Kompetensi Polri Diakui Arab Saudi
A
A
A
Bambang Soesatyo
Ketua Komisi III DPR RI
Fraksi Partai Golkar,
Wakil Ketua Umum Kadin Indonesia
ARAB Saudi tidak hanya telah membantu Indonesia meredam tumbuh-kembang radikalisme, tetapi juga nyata-nyata telah ikut memperkuat peran penegak hukum memerangi jaringan terorisme di dalam negeri.

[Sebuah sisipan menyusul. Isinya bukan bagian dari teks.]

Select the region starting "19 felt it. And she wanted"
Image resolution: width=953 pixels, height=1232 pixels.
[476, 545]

Inilah salah satu pesan moral terpenting yang begitu mudah untuk dipahami dari rangkaian kegiatan Raja Salman bin Abdul Aziz al-Saud di Indonesia.
"Tantangan yang kita hadapi, khususnya bagi umat Islam dan dunia secara umum, seperti fenomena terorisme, benturan peradaban (the clash of civilizations), tidak ada penghormatan terhadap kedaulatan negara, serta melakukan intervensi terhadap urusan dalam negeri telah mengharuskan kita untuk menyatukan barisan dalam menghadapi tantangan ini," begitu pesan utama dari pidato Raja Salman di DPR pada Kamis 2 Maret 2017.

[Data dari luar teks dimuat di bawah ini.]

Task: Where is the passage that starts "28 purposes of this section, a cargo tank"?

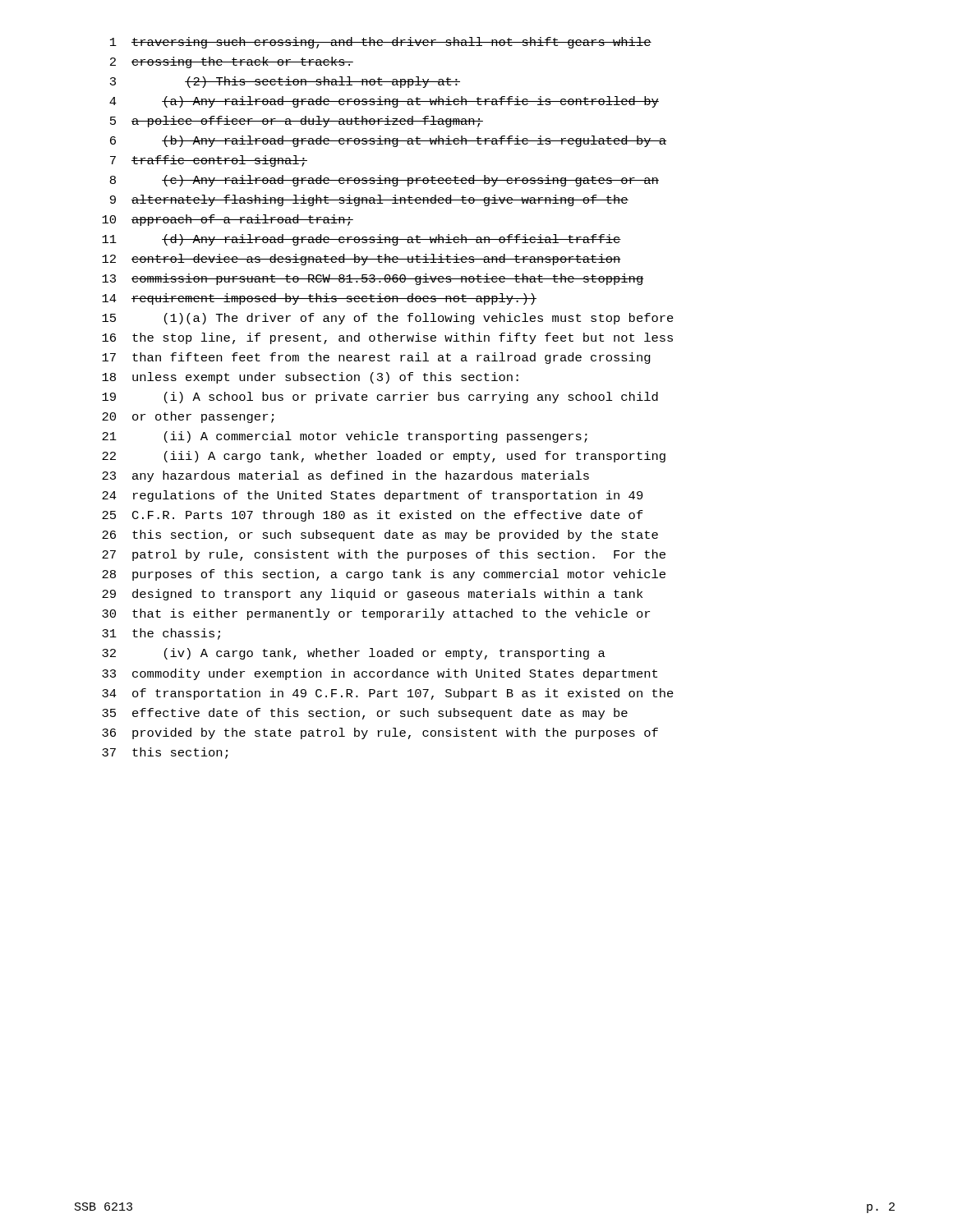Action: tap(485, 575)

Dari 11 nota kesepahaman yang telah ditandatangani Indonesia-Arab Saudi pada momentum kunjungan Raja Salman baru-baru ini, ada kesepakatan tentang perlu upaya atau langkah bersama menanggulangi radikalisme dan terorisme, serta meningkatkan peran Islam dalam mewujudkan perdamaian dunia. Seperti dijelaskan Menteri Agama Lukman Hakim Saifuddin, dalam kesepakatan itu, Raja Salman menekan pentingnya mengedepankan Islam yang moderat.
Untuk mewujudkan perdamaian dan melindungi peradaban dunia, moderasi Islam harus lebih dikedepankan. Ada kalimat dalam nota kesepahaman RI-Arab Saudi yang menekankan pentingnya menjaga, memelihara, dan melindungi perbedaan atau keberagaman, termasuk perbedaan paham keagamaan.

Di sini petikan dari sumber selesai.